June 18, 2013 by bdetienne
I still remember it as if it were yesterday. It was 2007 and I was in the midst of replying to an email at work when I got a breaking news email. It said, “David Beckham signs with Los Angeles Galaxy.” I immediately logged onto ESPN.com where they confirmed that the English soccer star had signed a five-year, $250 million deal to play in the MLS. I was shocked. Not only was the MLS considered a third or fourth-level tier league in the eyes of most soccer fans worldwide, the salary seemed outrageous considering the salary cap for each team in the league was only $2 million. (MLS has enacted a “designated player” rule that allowed MLS teams to sign an international player for a higher salary that did not count against the salary cap, but still, $50 million a year?) But there was Beckham a few days later, holding up his new LA Galaxy jersey at a press conference in Los Angeles and telling reporters that he was there to increase the awareness of and rise the league to a higher level.
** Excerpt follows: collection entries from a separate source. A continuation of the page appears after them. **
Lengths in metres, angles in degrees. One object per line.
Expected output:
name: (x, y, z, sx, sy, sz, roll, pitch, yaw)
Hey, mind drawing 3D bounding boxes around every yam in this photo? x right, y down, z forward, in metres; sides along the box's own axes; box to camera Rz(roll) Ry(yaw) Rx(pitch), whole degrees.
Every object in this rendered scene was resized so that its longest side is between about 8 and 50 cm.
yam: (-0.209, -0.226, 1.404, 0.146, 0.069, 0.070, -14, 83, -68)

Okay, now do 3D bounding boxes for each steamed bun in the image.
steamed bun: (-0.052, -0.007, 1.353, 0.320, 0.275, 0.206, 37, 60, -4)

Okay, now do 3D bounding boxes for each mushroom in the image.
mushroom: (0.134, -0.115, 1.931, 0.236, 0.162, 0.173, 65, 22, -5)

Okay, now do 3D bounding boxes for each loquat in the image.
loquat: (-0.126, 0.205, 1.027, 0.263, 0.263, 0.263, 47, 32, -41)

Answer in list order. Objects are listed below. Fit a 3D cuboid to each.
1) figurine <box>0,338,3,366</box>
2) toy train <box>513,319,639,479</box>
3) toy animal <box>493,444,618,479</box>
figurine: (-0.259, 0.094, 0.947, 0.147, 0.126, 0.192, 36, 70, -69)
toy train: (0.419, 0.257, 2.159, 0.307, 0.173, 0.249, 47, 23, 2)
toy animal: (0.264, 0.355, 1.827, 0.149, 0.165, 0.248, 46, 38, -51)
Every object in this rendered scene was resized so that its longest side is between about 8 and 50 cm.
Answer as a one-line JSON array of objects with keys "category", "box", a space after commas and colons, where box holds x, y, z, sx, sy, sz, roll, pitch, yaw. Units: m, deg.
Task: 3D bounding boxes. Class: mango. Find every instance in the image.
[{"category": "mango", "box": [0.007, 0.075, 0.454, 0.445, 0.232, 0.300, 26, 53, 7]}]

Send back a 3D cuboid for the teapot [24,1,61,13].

I have always been a huge soccer fan; despite that, it was tough to watch MLS games in 2007. The few games I watched on ESPN were far removed from the Premier League matches that aired in America. It seemed like players kept kicking the ball from one side of the pitch to another without any direction to the pass. Soccer has a reputation for being boring among Americans who are used to faster-paced sports, but unfortunately, the product on the field in MLS stadiums was not helping allies of soccer argue against that perception. Could one man use his fame and talent to take an entire league on the back of his shoulders and elevate it to a place where it could be more respected worldwide? Grant Wahl decided to answer this question in his book The Beckham Experiment.
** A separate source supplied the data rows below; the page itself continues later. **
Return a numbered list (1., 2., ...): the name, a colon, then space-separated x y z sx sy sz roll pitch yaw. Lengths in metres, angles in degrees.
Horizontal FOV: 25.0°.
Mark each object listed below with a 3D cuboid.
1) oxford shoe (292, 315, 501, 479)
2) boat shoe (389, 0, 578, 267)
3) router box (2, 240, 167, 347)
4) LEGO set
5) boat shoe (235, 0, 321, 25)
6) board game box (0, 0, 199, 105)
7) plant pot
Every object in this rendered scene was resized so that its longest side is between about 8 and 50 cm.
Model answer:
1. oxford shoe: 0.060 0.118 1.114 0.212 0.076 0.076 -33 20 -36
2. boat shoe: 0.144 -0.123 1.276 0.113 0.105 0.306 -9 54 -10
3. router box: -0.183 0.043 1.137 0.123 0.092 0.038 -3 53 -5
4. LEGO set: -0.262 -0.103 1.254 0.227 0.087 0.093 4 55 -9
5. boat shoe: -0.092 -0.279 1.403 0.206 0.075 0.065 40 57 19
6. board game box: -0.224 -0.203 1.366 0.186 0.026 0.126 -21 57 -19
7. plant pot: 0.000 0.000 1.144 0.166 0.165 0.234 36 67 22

Wahl’s book chronicles the day-to-day experiences of the first three seasons that David Beckham suited up for the Galaxy from the perspective of Beckham; other players (particularly Landon Donovan); Alexi Lalas, the GM at the time Beckham was signed; Tim Lewicke, the point man representing the Galaxy’s ownership group, Anschutz Entertainment Group; and Simon Fuller, Beckham’s manager/agent and CEO of 19 Entertainment. The result is a book with a remarkable insight into the world of sports and entertainment. Beckham signing with LA was so much more than an athlete signing a contract; it also involved a strategic partnership with AEG (the second largest concert promotion firm in the world and owner of multiple arenas) and 19 Entertainment (who represents several musical artists, including the Spice Girls). It also detailed how much power a celebrity and his/her handlers potentially have if given the ability to do so and the friction it can cause. In addition, the book introduced an interesting concept on sport versus celebrity. For an athletes like Beckham to be truly successful, a balance is required between what they do on the field and off. If one side starts outpacing the other, however, trouble will ensue and does in the book.
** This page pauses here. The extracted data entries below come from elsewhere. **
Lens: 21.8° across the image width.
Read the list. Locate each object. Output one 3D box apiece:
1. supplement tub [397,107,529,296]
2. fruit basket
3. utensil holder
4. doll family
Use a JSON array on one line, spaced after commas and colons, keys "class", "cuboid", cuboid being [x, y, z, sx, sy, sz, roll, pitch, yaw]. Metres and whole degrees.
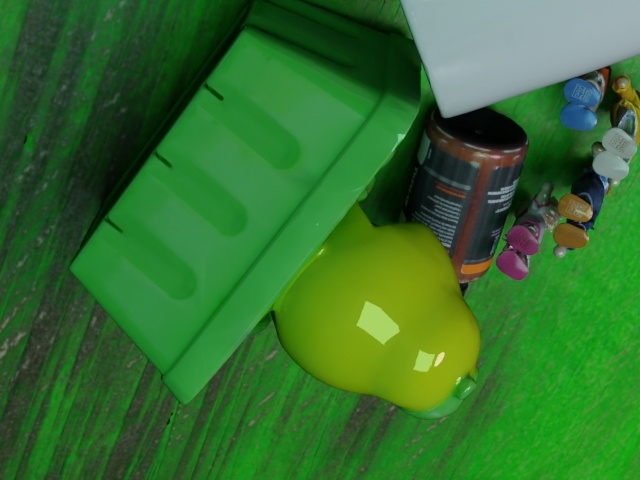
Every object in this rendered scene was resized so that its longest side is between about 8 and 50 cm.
[{"class": "supplement tub", "cuboid": [0.134, -0.030, 1.662, 0.106, 0.106, 0.198, 7, 119, -14]}, {"class": "fruit basket", "cuboid": [0.000, 0.000, 1.550, 0.392, 0.283, 0.392, 1, 113, 4]}, {"class": "utensil holder", "cuboid": [0.230, -0.309, 1.383, 0.385, 0.327, 0.327, -19, 123, 5]}, {"class": "doll family", "cuboid": [0.270, -0.067, 1.638, 0.118, 0.163, 0.263, 24, 115, 6]}]
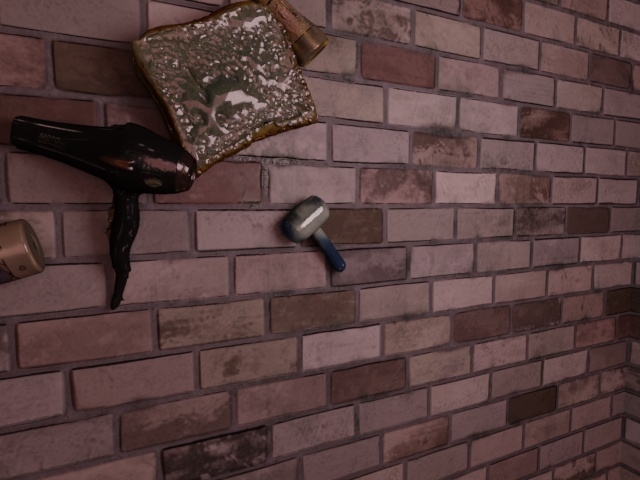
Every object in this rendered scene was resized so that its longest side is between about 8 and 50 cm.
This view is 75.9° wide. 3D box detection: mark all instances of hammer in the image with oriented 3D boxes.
[{"bbox_3d":[0.000,0.000,0.940,0.116,0.070,0.193,-43,115,-17],"label":"hammer"}]

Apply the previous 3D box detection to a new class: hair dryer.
[{"bbox_3d":[-0.394,-0.037,0.734,0.304,0.120,0.359,10,105,-8],"label":"hair dryer"}]

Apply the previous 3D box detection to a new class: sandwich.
[{"bbox_3d":[-0.179,-0.305,0.808,0.301,0.099,0.271,-30,110,-18],"label":"sandwich"}]

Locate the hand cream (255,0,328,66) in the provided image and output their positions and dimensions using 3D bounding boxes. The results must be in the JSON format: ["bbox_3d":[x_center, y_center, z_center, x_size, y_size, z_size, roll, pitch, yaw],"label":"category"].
[{"bbox_3d":[-0.079,-0.467,0.861,0.203,0.084,0.084,44,76,-14],"label":"hand cream"}]

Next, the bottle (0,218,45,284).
[{"bbox_3d":[-0.575,0.043,0.660,0.209,0.097,0.110,-19,145,-21],"label":"bottle"}]
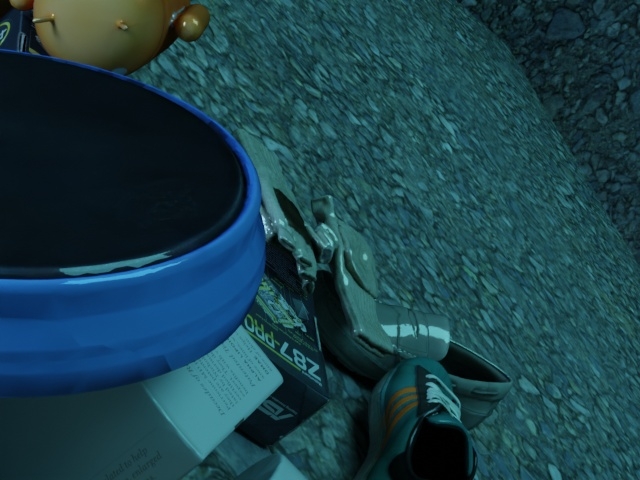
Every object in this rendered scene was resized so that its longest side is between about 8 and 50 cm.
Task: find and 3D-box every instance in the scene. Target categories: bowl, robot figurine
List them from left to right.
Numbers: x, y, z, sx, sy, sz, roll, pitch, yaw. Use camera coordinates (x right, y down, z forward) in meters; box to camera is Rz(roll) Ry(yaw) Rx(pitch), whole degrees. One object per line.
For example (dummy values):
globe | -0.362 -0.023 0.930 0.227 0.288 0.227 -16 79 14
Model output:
bowl | -0.226 -0.035 0.912 0.391 0.077 0.391 10 27 -5
robot figurine | -0.200 -0.224 1.268 0.158 0.128 0.219 47 18 -9

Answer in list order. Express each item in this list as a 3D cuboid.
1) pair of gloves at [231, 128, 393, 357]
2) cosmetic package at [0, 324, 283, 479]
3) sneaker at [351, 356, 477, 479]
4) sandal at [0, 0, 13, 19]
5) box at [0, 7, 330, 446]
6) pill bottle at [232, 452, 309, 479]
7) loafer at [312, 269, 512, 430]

I thought the book was incredible. I am a big fan of Wahl’s from his articles in Sports Illustrated and when I heard of this book, desired to read it at some point. He gives a fair assessment of the situation from both Beckham’s and the Galaxy’s side of the story. My only wish is that he would scribe a new edition of the book that covered the last three Beckham seasons in LA (after an injury-riddled 2010, Beckham would help lead the Galaxy to consecutive championships in 2011 and 2012 before retiring). I would also like to see Wahl’s assessment on Beckham’s overall impact on the MLS during his tenure. The league has taken huge strides in improving its on-field product as quality of play has improved, most teams play in soccer-specific stadiums, and attendance and TV ratings have increased from 2007 to now. How much of that, though, can be attributed to David Beckham?
If you are a fan of Beckham, of soccer, or want to know more about the inner workings of the sports world, I recommend this book be added to your reading queue.